GENE REGULATION

Each cell expresses, or turns on, only a fraction of its genes. The rest of the genes are repressed, or turned off. The process of turning genes on and off is known as gene regulation. Gene regulation also allows cells to react quickly to changes in their environments. Gene regulation can occur at any point during gene expression, but most commonly occurs at the level of transcription (when the information in a gene's DNA is transferred to mRNA).
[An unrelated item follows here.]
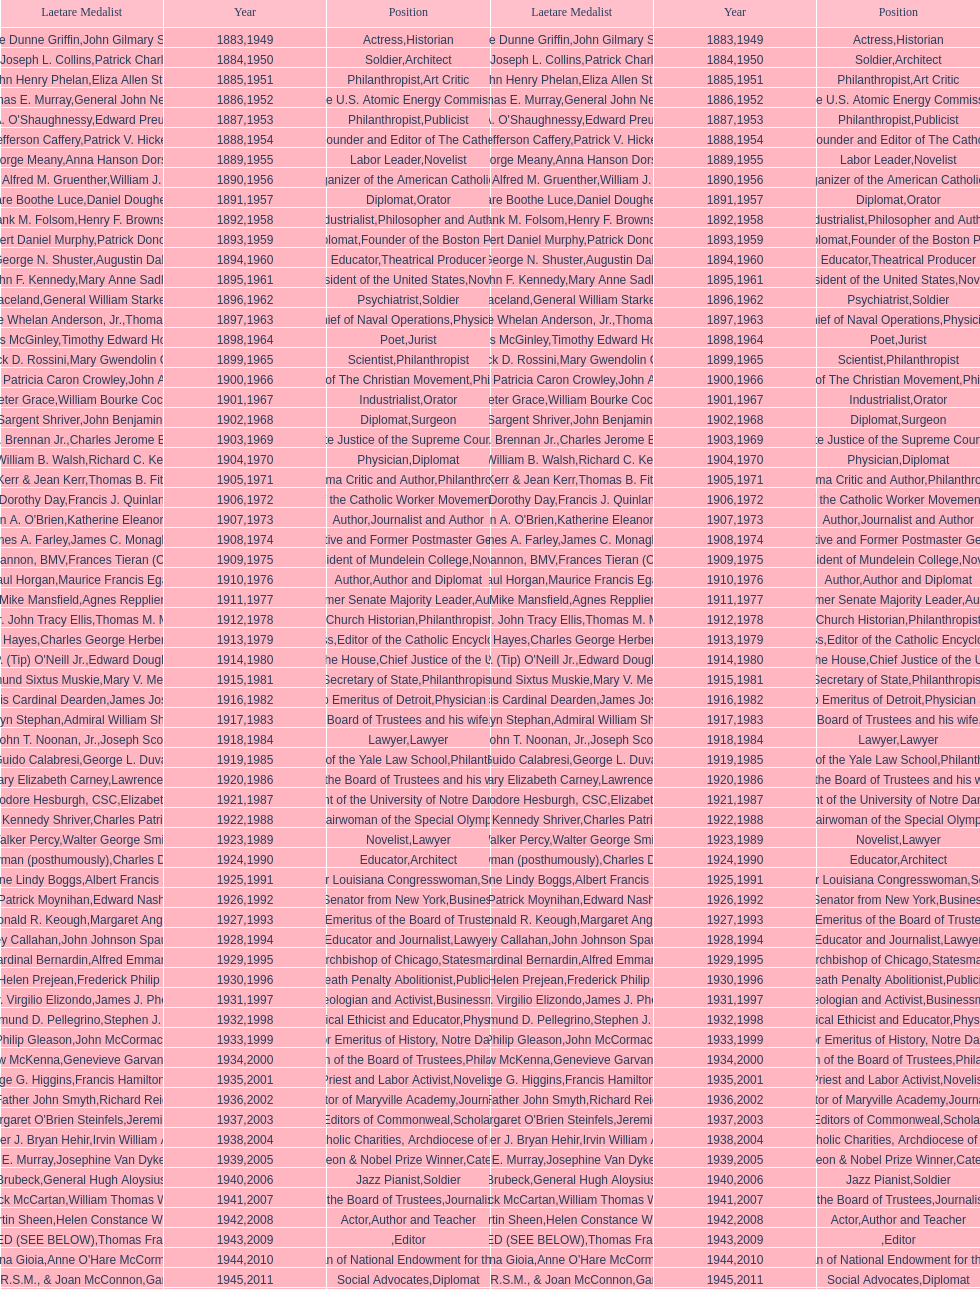Who has won this medal and the nobel prize as well? Dr. Joseph E. Murray.

Signals from the environment or from other cells activate proteins called transcription factors. These proteins bind to regulatory regions of a gene and increase or decrease the level of transcription. By controlling the level of transcription, this process can determine the amount of protein product that is made by a gene at any given time.

Introduction

• E. coli   lives in colon. It has a metabolic pathway that allows for the synthesis of the amino acid tryptophan (Trp).
  • This pathway starts with a precurser molecule and proceeds through five enzyme catalyzed steps before reaching the final Trp product.
• It is important that   E. coli   be able to control the rate of Trp synthesis because the amount of Trp available from the environment varies considerably.
  • If we eat a meal with little or no Trp, the   E. coli   in our gut must compensate by making more.
  • If we eat a meal rich in Trp,   E. coli   doesn't want to waste valuable resources or energy to produce the amino acid because it is readily available for use.
• Therefore,   E. coli   uses the amount of Trp present to regulate the pathway.
  • If levels are not adequate, the rate of Trp synthesis is increased.
  • If levels are adequate, the rate of Trp synthesis is inhibited.
• There are two ways of regulating the Trp pathway:
  • The first method works to decrease the synthesis of Trp by inhibiting the first enzyme in the pathway, preventing the rest of the pathway from proceeding.
  • What inhibits the first enzyme? Trp does!
    • The more Trp in the cell, the more that can bind to the first enzyme and prevent it from catalyzing the first step.
  • This method of regulation is feedback inhibition in which the end product of a pathway acts as an inhibitor of an enzyme in that pathway.
• The other method of control stops the production of the enzymes in the pathway at the transcription level.
  • Remember that enzymes are proteins that must be transcribed and translated from the genetic code.
  • If the genes for the enzymes are not transcribed to mRNA, then translation to the enzymes cannot occur.
  • Without enzymes, there is no Trp synthesis.
• This method of control is called regulation of gene expression because control is taking place at the genetic level. This method of control will now be examined in detail.

Trp Operon:

 

Fig. 21. Structure of trp operon

• The genes for the five enzymes in the Trp synthesis pathway are clustered on the same chromosome in what is called the Trp operon.

• The Trp operon has three components:
• Five Structural Genes:
• These genes contain the genetic code for the five enzymes in the Trp synthesis pathway
• One Promoter:
• DNA segment where RNA polymerase binds and starts transcription
• One Operator:
• DNA segment found between the promoter and structural genes. It determines if transcription will take place. If the operator is turned "on", transcription will occur.
• When nothing is bonded to the operator, the operon is "on".
• RNA polymerase binds to the promoter and transcription is initiated.
• The five structural genes are transcribed to one mRNA strand.
• The mRNA will then be translated into the enzymes that control the Trp synthesis pathway.
• The operon is turned "off" by a specific protein called the repressor.
• The repressor is a product of the regulator gene which is found some distance from the operon.
• Transcription of the regulator produces mRNA which is translated into the repressor.
• The repressor is inactive in this form and cannot bind properly to the operator with this conformation.
• To become active and bind properly to the operator, a co-repressor must associate with the repressor.
• The co--repressor for this system is Trp
• This makes sense because E. coli does not want to synthesize Trp if it is available from the environment
• The more Trp available, the more that can associate with repressor molecules.
• An active repressor binds to the operator blocking the attachment of RNA polymerase to the promoter.
• Without RNA polymerase, transcription and translation of the structural genes can't occur and the enzymes needed for Trp synthesis are not made.